Hi, all! I updated the patch and it looks nice. All the problems
have been solved.
On 02.04.2025 19:39, Alena Rybakina wrote:
I see that I need to add a walker that, when traversing the tree, determines whether there are conditions under which pull-up is impossible - the presence of
volatility of functions and other restrictions, and leave the transformation for the var objects that I added before, I described it here.
I have some concerns about pulling up every clause from the subquery with one column. In particular, not every clause is safe or beneficial to pull up: OR-clauses, CASE expressions, nested sublinks could significantly change how the planner estimates the number of rows or applies filters, especially when they are not true join predicates.

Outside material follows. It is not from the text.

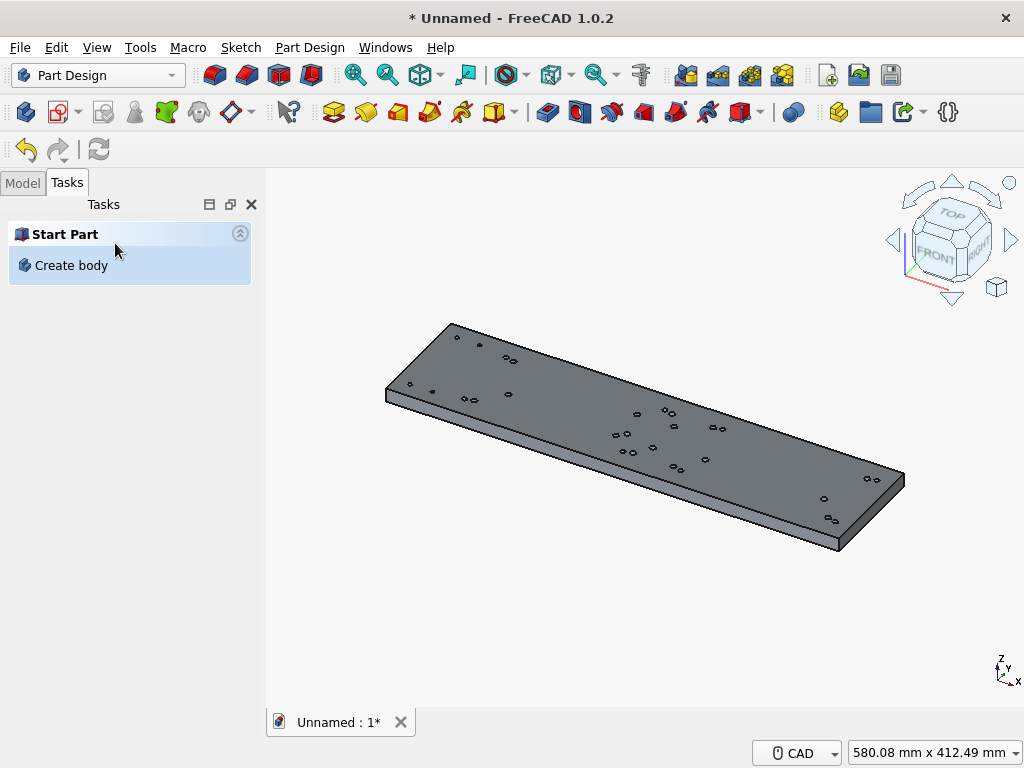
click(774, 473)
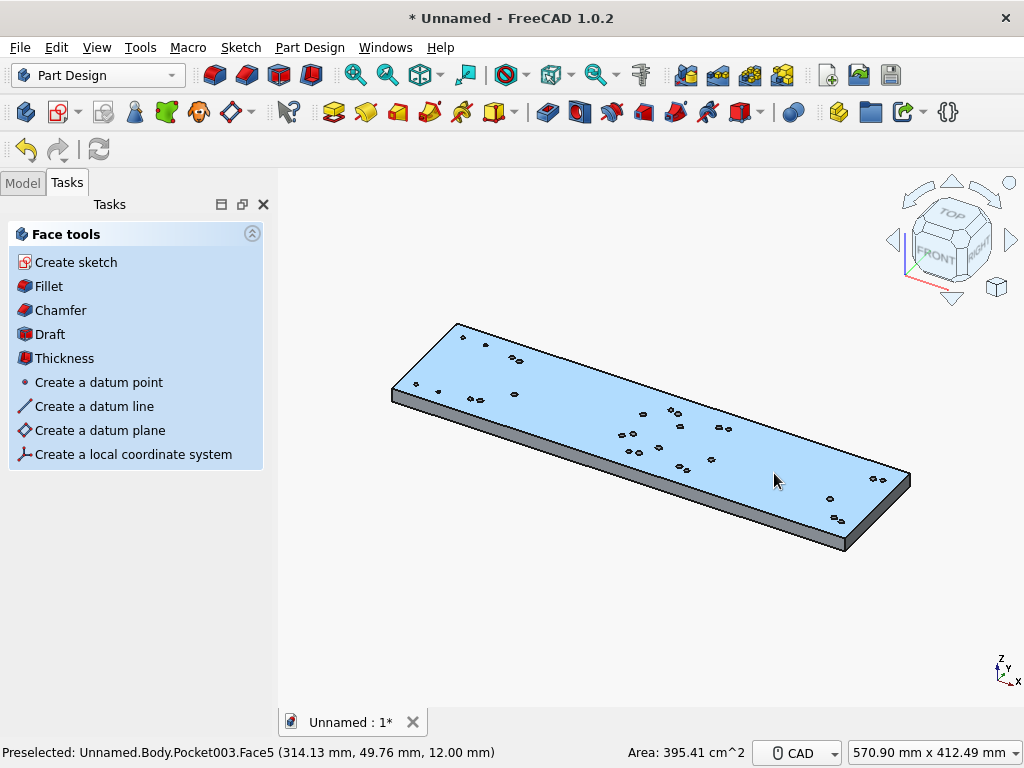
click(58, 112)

Pulling them up might lead to worse plans, or even change the semantics in subtle ways. I think before applying such transformations, we should make sure they are not only safe but actually improve the resulting plan.
There may indeed be cases where a query plan without pull-up is worse than with pull-up.
For example, as shown below, with pull-up we don't need to scan
two tables and perform a join, since the subquery returns 0 rows
(no matching tuples in the inner sequential scan in a
parameterized Nested Loop).
However, this cannot be detected at the current planning stage -
we simply don't have that information yet.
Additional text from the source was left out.